Lo stoicismo e il cristianesimo, con le loro dottrine della libertà interiore che spetta ugualmente a

tutti gli uomini o che viene da loro ottenuta con la fede, hanno reso possibile un riconoscimento

anche agli schiavi, a tutti coloro che vivono in stato di servitù o in una condizione di dipendenza di

qualche tipo. In qualche circostanza tale riconoscimento ebbe conseguenze sul rapporto tra padrone

e servo.

La parte più terrificante della diffisione dell'istituzione dell'illibertà, della dipendenza, della servitù

o della schiavitù avviene nella prima modernità.

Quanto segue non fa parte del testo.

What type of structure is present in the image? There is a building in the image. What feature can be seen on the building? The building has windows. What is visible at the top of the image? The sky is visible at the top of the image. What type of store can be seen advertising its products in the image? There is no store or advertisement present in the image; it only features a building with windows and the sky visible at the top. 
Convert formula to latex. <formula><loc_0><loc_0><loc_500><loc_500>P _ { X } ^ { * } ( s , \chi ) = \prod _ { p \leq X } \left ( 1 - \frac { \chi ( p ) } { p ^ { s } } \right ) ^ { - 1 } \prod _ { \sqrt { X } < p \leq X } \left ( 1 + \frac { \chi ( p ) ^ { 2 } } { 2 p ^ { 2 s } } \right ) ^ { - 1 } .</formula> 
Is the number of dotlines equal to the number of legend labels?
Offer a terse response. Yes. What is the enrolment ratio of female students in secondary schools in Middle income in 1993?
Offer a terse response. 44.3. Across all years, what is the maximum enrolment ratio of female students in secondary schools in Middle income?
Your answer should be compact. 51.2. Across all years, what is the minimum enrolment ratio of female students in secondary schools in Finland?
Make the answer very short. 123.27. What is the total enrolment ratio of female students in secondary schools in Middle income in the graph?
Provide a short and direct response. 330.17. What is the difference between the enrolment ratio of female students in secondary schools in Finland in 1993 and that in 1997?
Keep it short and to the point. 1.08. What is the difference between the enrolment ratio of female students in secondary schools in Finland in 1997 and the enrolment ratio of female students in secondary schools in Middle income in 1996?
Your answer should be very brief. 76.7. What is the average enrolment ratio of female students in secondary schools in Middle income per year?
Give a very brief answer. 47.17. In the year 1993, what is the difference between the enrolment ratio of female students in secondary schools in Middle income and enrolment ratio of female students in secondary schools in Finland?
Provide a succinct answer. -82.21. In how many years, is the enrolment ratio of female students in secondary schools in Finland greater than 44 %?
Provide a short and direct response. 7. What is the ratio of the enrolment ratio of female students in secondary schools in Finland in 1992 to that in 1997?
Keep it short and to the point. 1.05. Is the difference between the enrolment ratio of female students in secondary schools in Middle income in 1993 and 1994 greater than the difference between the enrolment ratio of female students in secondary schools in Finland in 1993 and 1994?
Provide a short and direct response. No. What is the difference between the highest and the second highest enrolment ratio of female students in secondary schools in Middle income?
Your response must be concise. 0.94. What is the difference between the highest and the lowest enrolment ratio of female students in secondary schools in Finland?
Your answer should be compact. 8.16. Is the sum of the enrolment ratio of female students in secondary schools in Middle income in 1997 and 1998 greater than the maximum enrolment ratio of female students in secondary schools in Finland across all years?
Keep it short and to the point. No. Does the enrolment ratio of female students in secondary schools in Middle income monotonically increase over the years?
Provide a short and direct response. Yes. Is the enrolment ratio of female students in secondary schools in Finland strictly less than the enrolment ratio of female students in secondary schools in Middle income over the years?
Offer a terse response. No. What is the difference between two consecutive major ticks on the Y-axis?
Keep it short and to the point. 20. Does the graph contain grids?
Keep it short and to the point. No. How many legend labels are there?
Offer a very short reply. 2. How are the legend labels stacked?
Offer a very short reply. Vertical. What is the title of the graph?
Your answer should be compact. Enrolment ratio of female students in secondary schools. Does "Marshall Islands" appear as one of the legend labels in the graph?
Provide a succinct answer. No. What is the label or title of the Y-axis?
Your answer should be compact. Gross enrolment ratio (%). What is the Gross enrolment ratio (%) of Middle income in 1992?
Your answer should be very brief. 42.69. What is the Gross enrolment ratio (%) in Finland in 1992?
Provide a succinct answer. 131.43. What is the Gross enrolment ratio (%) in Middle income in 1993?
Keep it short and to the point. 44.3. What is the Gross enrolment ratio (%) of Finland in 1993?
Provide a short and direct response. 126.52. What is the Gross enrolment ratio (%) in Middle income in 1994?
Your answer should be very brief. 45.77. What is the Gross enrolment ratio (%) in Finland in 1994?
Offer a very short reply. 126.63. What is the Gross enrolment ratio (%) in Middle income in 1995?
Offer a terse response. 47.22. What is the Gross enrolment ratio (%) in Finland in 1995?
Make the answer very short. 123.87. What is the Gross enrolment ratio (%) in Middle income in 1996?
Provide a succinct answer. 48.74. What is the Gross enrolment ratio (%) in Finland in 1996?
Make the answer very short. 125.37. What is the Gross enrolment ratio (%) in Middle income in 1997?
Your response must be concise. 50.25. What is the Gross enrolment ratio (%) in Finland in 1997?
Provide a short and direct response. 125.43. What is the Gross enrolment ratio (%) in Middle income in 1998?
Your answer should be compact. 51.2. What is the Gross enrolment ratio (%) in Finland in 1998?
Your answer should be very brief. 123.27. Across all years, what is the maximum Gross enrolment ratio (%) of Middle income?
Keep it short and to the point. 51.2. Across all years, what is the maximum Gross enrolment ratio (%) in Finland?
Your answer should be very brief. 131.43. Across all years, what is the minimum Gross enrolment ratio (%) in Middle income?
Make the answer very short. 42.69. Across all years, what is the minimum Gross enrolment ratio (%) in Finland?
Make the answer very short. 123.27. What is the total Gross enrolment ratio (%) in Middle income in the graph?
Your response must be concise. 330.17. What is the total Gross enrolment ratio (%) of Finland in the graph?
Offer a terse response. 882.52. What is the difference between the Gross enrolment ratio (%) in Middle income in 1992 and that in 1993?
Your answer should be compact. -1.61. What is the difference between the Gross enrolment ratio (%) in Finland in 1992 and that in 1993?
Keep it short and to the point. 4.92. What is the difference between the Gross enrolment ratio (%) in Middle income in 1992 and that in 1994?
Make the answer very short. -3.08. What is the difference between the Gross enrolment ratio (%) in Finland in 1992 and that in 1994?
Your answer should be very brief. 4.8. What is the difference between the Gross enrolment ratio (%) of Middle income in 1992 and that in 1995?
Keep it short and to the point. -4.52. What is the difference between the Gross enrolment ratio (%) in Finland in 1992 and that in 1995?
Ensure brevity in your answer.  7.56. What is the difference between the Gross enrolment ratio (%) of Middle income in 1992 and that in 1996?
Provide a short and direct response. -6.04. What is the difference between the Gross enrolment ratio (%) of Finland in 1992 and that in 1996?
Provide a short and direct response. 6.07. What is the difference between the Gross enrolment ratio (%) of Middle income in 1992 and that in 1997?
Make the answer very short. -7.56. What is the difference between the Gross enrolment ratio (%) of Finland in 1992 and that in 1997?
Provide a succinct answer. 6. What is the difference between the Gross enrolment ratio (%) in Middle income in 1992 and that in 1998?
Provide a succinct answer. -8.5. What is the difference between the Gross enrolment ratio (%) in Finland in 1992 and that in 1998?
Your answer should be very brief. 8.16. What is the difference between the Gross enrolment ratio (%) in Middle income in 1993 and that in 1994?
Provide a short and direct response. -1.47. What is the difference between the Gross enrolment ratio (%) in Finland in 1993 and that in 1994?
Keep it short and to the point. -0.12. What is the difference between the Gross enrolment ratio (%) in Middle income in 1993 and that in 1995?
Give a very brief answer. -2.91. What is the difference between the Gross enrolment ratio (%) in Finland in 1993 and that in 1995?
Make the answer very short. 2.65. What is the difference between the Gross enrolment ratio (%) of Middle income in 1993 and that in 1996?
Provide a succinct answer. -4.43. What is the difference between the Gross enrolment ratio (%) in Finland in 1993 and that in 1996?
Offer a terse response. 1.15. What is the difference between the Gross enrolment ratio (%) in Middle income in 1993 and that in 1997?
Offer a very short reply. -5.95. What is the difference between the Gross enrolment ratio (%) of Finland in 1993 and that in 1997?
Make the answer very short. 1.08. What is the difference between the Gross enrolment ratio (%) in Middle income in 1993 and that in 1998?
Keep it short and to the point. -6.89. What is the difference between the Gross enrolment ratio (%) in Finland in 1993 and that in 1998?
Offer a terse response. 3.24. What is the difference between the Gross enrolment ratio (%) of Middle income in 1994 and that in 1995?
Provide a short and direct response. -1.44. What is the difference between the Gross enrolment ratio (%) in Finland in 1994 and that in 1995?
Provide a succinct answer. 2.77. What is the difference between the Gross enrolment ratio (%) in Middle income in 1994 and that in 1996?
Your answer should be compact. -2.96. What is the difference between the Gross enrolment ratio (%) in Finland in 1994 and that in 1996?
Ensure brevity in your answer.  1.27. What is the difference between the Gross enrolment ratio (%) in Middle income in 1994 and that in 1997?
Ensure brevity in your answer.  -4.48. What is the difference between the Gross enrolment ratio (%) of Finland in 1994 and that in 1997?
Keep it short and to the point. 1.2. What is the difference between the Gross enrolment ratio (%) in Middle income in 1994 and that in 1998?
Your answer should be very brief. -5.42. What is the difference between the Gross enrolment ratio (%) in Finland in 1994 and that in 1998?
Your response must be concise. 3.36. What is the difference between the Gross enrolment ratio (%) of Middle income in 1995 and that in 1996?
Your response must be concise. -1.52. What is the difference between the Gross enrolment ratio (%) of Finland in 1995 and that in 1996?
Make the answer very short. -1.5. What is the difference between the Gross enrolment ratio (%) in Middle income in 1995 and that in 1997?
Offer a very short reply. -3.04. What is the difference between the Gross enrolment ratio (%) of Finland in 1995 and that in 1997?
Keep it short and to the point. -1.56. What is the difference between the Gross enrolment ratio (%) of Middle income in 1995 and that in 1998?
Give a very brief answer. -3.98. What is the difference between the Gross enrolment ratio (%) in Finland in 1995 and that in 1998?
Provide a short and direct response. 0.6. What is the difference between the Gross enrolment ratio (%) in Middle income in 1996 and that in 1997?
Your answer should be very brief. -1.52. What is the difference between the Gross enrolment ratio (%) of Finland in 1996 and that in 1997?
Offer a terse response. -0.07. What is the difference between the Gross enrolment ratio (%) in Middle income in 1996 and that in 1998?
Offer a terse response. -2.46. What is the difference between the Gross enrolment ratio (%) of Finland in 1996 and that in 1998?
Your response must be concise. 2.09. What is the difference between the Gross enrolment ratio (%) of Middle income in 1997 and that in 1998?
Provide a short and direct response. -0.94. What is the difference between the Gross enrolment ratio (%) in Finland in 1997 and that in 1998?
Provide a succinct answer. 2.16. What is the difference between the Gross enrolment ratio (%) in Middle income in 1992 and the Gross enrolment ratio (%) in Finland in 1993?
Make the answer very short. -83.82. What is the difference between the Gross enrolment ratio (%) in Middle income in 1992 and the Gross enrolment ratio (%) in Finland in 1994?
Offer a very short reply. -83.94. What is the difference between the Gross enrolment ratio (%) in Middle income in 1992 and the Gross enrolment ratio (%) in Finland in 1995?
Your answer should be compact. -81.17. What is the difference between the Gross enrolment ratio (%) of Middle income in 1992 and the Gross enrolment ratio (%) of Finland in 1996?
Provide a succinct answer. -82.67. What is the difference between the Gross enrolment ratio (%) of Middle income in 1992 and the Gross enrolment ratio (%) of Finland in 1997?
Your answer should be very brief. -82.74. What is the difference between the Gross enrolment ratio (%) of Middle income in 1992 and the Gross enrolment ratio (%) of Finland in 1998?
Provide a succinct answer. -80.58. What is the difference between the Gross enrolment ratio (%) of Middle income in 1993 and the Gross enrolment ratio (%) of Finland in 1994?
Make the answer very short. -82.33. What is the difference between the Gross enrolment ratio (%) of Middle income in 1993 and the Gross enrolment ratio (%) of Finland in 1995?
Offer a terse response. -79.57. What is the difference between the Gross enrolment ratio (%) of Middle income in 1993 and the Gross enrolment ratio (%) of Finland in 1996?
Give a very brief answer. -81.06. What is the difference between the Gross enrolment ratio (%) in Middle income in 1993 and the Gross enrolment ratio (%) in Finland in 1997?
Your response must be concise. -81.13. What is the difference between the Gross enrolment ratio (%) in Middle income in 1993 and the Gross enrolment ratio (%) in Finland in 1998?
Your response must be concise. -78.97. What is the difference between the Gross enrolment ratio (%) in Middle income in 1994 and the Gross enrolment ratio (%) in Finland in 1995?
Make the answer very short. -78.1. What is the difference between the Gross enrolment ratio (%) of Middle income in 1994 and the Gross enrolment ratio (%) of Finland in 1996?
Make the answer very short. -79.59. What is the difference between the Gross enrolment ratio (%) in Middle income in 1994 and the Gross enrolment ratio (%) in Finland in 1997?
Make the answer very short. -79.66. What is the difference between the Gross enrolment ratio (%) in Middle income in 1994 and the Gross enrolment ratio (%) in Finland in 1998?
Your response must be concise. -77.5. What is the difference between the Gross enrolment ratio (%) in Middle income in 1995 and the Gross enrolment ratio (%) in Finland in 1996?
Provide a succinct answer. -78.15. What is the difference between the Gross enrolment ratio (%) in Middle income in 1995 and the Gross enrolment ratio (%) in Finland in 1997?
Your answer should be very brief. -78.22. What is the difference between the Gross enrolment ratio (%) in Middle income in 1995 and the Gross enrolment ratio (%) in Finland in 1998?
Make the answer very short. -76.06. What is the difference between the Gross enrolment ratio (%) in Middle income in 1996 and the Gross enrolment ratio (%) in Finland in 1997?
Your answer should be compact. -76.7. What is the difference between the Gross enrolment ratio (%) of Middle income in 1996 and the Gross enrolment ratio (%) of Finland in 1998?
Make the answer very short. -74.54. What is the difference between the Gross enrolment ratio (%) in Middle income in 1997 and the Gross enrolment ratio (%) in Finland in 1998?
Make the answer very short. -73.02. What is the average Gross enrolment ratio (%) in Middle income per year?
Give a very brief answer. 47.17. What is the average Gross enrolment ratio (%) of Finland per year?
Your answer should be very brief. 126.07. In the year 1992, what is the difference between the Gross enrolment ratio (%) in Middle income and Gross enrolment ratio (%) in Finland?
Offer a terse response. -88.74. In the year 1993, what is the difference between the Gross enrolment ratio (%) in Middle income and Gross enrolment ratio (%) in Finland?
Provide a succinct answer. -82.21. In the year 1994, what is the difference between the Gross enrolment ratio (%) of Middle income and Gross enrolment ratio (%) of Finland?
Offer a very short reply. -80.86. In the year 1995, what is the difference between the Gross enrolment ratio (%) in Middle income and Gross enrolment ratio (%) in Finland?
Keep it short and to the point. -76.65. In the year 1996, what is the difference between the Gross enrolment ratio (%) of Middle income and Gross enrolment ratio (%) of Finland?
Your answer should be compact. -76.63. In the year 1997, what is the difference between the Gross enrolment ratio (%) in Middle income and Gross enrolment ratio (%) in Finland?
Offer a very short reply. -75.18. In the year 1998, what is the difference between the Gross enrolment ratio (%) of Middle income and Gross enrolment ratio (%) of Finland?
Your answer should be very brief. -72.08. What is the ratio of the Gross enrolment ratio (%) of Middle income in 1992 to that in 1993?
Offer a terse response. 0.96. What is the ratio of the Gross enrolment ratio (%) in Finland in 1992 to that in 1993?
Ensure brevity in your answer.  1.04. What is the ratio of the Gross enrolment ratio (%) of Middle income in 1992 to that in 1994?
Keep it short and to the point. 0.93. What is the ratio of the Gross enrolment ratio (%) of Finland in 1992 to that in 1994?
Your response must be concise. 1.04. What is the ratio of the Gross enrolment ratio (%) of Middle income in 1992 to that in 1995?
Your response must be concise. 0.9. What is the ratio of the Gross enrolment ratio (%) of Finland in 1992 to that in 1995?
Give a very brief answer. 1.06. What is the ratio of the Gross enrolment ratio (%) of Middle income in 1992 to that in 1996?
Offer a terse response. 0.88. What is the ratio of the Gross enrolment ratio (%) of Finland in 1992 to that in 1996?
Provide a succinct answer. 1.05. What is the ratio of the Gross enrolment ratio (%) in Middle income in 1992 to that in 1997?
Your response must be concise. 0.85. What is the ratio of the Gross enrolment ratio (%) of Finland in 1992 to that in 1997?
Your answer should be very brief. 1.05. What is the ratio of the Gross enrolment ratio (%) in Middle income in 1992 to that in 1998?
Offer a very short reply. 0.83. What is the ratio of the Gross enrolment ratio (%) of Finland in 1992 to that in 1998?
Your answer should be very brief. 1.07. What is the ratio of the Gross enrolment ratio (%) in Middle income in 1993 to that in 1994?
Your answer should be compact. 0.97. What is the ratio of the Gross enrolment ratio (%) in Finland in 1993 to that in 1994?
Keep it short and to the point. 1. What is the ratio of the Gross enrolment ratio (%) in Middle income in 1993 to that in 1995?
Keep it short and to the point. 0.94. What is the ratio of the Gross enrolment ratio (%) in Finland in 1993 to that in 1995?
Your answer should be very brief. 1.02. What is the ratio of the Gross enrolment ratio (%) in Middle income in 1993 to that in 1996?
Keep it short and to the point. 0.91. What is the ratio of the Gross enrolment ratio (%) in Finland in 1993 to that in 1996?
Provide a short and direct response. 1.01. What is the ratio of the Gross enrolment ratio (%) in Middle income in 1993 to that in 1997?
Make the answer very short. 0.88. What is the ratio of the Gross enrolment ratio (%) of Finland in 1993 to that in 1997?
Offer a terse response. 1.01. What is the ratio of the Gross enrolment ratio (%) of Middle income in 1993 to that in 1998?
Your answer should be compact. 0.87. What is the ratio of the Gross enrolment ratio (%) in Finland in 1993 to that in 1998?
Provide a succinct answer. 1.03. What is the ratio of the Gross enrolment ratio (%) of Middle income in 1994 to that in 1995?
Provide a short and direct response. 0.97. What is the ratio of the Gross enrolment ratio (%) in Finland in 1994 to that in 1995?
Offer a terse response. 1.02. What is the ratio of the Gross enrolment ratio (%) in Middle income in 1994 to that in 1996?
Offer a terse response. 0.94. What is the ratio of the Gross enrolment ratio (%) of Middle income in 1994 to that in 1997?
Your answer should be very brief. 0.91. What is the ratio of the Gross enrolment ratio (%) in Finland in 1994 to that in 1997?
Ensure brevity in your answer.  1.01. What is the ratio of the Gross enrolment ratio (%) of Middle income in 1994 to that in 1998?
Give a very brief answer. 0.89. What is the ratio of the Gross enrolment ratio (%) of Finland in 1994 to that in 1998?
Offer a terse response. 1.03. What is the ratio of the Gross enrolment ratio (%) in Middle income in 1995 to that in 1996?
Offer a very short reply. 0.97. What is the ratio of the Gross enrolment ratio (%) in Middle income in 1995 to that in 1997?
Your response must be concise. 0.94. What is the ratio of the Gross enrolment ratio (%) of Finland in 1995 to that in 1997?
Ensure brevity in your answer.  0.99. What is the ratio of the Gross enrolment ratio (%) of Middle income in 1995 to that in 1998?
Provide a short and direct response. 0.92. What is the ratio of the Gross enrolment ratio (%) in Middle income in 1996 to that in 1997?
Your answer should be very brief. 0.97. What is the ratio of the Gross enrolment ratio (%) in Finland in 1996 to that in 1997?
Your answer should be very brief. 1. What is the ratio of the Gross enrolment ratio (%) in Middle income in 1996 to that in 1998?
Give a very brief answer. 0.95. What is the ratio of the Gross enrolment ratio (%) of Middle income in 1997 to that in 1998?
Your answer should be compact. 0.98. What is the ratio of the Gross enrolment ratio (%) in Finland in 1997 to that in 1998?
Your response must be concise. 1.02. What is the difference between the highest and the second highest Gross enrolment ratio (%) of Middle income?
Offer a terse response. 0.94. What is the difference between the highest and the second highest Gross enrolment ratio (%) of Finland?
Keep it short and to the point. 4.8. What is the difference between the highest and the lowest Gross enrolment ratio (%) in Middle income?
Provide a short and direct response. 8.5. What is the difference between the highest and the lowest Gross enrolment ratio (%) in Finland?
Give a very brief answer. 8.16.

De la Boètie è il primo pensatore moderno a voler dimostrare che la servitù può essere cancellata

anche con la libera volontà da cui è portatore ogni servo. Questo pensiero ci porta a un tipo di

argomentazione che si può definire dell'inversione. Essa deduce che nel corso del tempo il vero

potere passi sempre più ai servi, poiché essi con il proprio lavoro e la propria riflessione fanno si

che il signore dipenda da loro, togliendogli la sua funzione. In questo modo viene ottenuto anzitutto

il reciproco riconoscimento e diventa possibile immaginare la dissoluzione di tutte le dipendenze

personali nell'assegnazione delle funzioni sociali.

L'elemento di novità nella posizione dell'Illuminismo sta nel fatto che esso non consente più alcuna

scappatoia: né nell'interiorità isolata né in un aldilà, due istanze che fino ad allora avevano potuto

esercitare un'azione compensatoria sulla condizione servile o sulle umiliazioni subite.

In primo luogo traccerò un abbozzo di storia concettuale per ricostruire il significato di emancipano.

In secondo luogo cercherò di trarre conseguenze sistematiche della storia concettuale.

1. La semantica storica dell'<<emancipazione>>

Il termine emancipato designava nella Roma repubblicana l'atto giuridico in forza del quale un

pater familias poteva liberare il proprio figlio dalla patria potestà.

Nel Medioevo fu impiegato anche nella sfera dei diritti consuetudinari germanici, che consentivano

di acquisire, per cosi dire automaticamente, l'autonomia nei diritti civili grazie al matrimonio,

all'autonomia economica o al possesso di uffici e cariche.

L'uso linguistico era elastico. Ad esempio, solo la liberazione concessa in anticipo era chiamata

emancipazione mentre attorno al 1700 anche la condizione di indipendenza raggiunta con il modo

sopra citato poteva essere descritta come emancipazione.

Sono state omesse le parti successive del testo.